_THE TASK_
Within this material, find every line where the string "Answer" appears, and copy it out.

_EXCERPTED RECORDS_
[Start of Attachment]

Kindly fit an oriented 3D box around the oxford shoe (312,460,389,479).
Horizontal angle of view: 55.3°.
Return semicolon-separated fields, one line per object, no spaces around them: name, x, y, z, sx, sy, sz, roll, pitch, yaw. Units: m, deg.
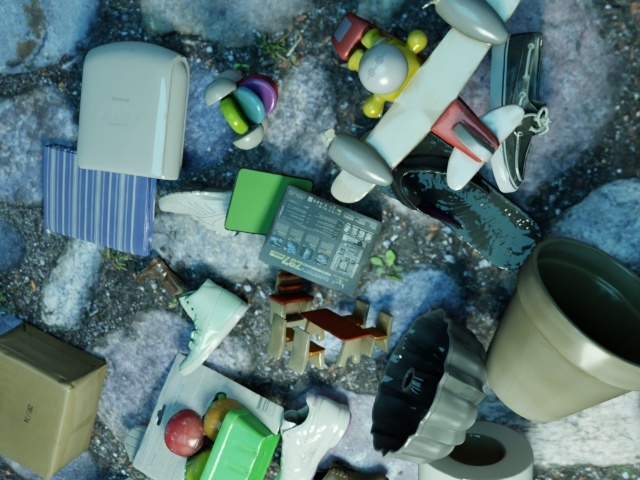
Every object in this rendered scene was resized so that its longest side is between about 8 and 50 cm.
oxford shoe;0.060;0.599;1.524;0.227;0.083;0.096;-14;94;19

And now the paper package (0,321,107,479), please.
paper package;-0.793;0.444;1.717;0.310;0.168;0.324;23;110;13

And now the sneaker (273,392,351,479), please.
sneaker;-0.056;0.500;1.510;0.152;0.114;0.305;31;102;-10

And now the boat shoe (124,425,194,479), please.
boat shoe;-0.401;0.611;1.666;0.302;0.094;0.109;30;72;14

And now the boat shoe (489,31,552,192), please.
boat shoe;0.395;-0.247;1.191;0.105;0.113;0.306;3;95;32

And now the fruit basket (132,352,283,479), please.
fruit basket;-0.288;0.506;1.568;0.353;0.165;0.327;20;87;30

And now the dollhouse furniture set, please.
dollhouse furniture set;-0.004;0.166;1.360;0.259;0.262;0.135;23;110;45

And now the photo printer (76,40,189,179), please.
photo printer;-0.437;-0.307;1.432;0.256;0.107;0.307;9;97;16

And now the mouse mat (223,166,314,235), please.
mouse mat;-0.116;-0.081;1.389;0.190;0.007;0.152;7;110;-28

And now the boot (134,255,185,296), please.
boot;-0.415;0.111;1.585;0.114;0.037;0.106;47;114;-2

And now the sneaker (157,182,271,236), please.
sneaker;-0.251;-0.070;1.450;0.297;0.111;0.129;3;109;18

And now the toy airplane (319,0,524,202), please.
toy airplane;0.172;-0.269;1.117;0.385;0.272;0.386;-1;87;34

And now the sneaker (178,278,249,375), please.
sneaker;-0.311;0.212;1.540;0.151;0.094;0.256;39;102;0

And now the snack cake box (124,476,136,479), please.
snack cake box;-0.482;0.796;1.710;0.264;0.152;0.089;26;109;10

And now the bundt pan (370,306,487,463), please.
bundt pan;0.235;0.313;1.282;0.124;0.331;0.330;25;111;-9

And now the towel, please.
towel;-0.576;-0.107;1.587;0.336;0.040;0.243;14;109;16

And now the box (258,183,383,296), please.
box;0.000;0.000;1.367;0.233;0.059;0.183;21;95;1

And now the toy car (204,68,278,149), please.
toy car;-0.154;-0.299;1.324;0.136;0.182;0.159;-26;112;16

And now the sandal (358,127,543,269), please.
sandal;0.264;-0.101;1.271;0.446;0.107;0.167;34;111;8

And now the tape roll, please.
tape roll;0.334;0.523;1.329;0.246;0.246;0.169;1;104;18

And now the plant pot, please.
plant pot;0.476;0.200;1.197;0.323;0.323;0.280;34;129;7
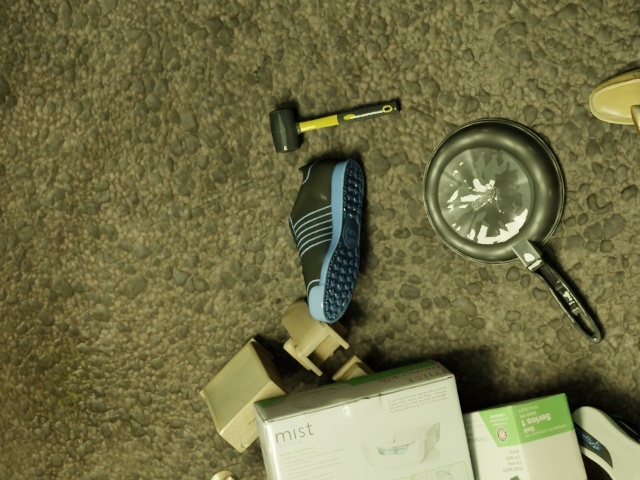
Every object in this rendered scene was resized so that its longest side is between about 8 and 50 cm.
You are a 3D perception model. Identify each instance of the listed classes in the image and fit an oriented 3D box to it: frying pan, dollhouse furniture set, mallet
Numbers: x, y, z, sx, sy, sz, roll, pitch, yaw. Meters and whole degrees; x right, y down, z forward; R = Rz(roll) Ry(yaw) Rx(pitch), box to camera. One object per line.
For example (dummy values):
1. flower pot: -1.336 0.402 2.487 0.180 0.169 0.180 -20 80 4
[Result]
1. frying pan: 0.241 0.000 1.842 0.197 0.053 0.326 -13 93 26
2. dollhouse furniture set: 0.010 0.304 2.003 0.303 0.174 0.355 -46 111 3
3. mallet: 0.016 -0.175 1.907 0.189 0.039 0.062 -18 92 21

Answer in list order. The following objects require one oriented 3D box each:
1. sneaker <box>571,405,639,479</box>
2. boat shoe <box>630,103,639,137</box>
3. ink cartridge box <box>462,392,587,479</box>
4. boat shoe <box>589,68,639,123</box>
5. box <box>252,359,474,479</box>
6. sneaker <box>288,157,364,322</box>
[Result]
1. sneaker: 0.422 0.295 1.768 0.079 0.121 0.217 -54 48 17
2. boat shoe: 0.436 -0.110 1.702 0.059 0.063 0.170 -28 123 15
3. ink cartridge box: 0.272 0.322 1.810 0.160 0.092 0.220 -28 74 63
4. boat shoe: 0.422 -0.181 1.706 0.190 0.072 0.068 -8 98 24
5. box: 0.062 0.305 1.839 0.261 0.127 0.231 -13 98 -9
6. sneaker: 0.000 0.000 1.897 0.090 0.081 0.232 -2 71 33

[End of Attachment]
[Start of Attachment]

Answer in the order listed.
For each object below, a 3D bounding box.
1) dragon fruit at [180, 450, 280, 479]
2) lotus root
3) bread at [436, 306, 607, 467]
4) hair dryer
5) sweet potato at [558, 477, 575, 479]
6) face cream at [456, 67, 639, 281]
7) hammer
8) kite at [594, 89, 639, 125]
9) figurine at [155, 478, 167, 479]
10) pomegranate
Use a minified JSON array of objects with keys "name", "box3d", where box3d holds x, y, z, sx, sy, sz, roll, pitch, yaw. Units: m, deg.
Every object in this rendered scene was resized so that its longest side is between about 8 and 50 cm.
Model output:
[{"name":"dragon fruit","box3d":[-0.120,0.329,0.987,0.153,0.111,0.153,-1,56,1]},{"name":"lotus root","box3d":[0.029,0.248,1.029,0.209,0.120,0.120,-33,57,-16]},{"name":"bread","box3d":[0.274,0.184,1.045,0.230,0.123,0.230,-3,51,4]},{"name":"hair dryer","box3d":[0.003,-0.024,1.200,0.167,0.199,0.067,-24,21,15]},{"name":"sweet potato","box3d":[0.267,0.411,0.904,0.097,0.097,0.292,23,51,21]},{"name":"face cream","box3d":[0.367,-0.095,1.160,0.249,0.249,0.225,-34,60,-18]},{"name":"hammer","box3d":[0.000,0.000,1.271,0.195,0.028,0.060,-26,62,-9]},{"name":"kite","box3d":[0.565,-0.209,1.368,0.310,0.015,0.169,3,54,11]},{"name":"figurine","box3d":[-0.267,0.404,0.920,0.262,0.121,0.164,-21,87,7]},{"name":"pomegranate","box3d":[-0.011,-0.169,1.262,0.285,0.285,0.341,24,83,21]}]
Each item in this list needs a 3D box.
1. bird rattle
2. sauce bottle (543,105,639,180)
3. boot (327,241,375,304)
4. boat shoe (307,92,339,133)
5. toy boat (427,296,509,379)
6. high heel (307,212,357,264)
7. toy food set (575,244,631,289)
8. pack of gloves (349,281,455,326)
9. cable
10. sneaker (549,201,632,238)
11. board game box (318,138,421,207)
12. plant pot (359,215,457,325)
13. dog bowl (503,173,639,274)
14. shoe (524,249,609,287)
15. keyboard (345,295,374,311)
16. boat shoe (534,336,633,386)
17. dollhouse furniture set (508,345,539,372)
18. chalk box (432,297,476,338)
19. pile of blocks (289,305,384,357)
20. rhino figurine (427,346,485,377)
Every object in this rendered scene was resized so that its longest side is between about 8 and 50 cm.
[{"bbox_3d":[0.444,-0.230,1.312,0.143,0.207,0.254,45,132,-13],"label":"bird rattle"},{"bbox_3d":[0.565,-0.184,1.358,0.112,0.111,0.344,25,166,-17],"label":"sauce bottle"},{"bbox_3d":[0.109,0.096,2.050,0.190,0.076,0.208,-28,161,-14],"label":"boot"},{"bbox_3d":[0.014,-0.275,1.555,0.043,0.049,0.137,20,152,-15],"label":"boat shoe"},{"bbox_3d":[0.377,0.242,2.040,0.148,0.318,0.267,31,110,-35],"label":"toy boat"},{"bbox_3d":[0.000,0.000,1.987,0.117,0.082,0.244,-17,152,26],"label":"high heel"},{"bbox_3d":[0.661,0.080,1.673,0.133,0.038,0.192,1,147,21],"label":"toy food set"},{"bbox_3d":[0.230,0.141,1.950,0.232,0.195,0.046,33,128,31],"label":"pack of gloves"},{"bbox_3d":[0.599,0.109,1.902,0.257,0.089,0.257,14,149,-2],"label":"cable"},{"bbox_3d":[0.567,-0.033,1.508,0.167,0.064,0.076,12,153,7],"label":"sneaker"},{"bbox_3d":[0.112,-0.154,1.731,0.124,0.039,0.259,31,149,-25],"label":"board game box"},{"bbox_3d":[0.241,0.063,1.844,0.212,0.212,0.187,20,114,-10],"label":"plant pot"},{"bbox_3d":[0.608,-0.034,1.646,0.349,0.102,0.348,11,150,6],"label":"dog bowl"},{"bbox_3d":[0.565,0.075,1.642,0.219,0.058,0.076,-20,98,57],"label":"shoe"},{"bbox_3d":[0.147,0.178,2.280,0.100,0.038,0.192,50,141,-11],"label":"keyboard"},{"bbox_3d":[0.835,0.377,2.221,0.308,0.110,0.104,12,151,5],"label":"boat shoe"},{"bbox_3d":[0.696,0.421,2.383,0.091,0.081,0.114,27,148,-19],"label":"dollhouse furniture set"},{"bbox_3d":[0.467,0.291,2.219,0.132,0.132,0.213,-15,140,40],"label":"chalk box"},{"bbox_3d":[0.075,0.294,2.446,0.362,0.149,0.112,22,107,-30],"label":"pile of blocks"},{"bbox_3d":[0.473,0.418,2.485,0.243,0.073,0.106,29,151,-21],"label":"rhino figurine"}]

[End of Attachment]

_FINISHED EXERCISE_
Answer in list order. The following objects require one oriented 3D box each:
Answer in the order listed.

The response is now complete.